Nothing in the records should differ when they are repeated. Restate them word for word.

GIVEN RECORDS »
══════
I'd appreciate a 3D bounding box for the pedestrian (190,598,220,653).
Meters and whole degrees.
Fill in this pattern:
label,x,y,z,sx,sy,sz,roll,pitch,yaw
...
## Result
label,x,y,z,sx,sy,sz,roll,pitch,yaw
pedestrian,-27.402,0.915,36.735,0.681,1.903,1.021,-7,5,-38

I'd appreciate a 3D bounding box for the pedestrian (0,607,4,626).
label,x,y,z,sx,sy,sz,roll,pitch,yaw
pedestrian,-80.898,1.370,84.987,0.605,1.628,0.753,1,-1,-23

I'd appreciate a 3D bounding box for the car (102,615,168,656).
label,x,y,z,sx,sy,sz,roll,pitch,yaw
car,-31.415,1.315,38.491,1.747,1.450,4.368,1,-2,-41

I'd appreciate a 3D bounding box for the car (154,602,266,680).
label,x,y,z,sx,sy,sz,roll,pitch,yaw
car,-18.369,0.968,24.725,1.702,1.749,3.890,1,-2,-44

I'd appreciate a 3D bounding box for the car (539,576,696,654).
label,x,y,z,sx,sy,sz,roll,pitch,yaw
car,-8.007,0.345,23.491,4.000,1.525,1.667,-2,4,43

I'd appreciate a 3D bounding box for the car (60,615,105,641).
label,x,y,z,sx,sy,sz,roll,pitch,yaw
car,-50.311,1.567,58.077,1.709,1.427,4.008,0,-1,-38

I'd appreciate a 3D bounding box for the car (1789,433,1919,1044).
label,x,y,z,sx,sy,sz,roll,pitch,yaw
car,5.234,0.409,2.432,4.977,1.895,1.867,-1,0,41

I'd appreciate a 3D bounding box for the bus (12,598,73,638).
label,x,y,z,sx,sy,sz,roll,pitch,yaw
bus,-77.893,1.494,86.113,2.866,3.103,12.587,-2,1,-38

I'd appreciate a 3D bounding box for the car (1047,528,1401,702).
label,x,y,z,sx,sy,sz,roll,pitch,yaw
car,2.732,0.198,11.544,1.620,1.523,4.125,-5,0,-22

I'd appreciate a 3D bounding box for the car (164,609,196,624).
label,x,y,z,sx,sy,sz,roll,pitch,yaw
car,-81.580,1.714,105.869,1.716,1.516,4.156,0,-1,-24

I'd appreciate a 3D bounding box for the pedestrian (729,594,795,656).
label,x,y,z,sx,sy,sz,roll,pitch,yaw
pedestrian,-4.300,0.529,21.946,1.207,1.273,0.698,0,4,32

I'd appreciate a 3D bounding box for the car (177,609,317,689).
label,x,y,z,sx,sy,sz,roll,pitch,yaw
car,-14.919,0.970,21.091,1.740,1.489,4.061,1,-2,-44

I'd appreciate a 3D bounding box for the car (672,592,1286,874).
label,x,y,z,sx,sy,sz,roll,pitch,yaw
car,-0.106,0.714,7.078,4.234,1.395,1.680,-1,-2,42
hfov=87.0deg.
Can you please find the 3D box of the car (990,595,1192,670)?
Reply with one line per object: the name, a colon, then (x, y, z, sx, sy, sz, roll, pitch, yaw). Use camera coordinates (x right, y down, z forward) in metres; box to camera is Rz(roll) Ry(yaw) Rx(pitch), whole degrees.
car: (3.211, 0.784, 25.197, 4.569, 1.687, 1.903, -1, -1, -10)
══════
EXERCISE SOLUTION »
I'd appreciate a 3D bounding box for the pedestrian (190,598,220,653).
Meters and whole degrees.
Fill in this pattern:
label,x,y,z,sx,sy,sz,roll,pitch,yaw
...
## Result
label,x,y,z,sx,sy,sz,roll,pitch,yaw
pedestrian,-27.402,0.915,36.735,0.681,1.903,1.021,-7,5,-38

I'd appreciate a 3D bounding box for the pedestrian (0,607,4,626).
label,x,y,z,sx,sy,sz,roll,pitch,yaw
pedestrian,-80.898,1.370,84.987,0.605,1.628,0.753,1,-1,-23

I'd appreciate a 3D bounding box for the car (102,615,168,656).
label,x,y,z,sx,sy,sz,roll,pitch,yaw
car,-31.415,1.315,38.491,1.747,1.450,4.368,1,-2,-41

I'd appreciate a 3D bounding box for the car (154,602,266,680).
label,x,y,z,sx,sy,sz,roll,pitch,yaw
car,-18.369,0.968,24.725,1.702,1.749,3.890,1,-2,-44

I'd appreciate a 3D bounding box for the car (539,576,696,654).
label,x,y,z,sx,sy,sz,roll,pitch,yaw
car,-8.007,0.345,23.491,4.000,1.525,1.667,-2,4,43

I'd appreciate a 3D bounding box for the car (60,615,105,641).
label,x,y,z,sx,sy,sz,roll,pitch,yaw
car,-50.311,1.567,58.077,1.709,1.427,4.008,0,-1,-38

I'd appreciate a 3D bounding box for the car (1789,433,1919,1044).
label,x,y,z,sx,sy,sz,roll,pitch,yaw
car,5.234,0.409,2.432,4.977,1.895,1.867,-1,0,41

I'd appreciate a 3D bounding box for the bus (12,598,73,638).
label,x,y,z,sx,sy,sz,roll,pitch,yaw
bus,-77.893,1.494,86.113,2.866,3.103,12.587,-2,1,-38

I'd appreciate a 3D bounding box for the car (1047,528,1401,702).
label,x,y,z,sx,sy,sz,roll,pitch,yaw
car,2.732,0.198,11.544,1.620,1.523,4.125,-5,0,-22

I'd appreciate a 3D bounding box for the car (164,609,196,624).
label,x,y,z,sx,sy,sz,roll,pitch,yaw
car,-81.580,1.714,105.869,1.716,1.516,4.156,0,-1,-24

I'd appreciate a 3D bounding box for the pedestrian (729,594,795,656).
label,x,y,z,sx,sy,sz,roll,pitch,yaw
pedestrian,-4.300,0.529,21.946,1.207,1.273,0.698,0,4,32

I'd appreciate a 3D bounding box for the car (177,609,317,689).
label,x,y,z,sx,sy,sz,roll,pitch,yaw
car,-14.919,0.970,21.091,1.740,1.489,4.061,1,-2,-44

I'd appreciate a 3D bounding box for the car (672,592,1286,874).
label,x,y,z,sx,sy,sz,roll,pitch,yaw
car,-0.106,0.714,7.078,4.234,1.395,1.680,-1,-2,42
hfov=87.0deg.
Can you please find the 3D box of the car (990,595,1192,670)?
Reply with one line per object: the name, a colon, then (x, y, z, sx, sy, sz, roll, pitch, yaw). Use camera coordinates (x right, y down, z forward) in metres; box to camera is Rz(roll) Ry(yaw) Rx(pitch), whole degrees.
car: (3.211, 0.784, 25.197, 4.569, 1.687, 1.903, -1, -1, -10)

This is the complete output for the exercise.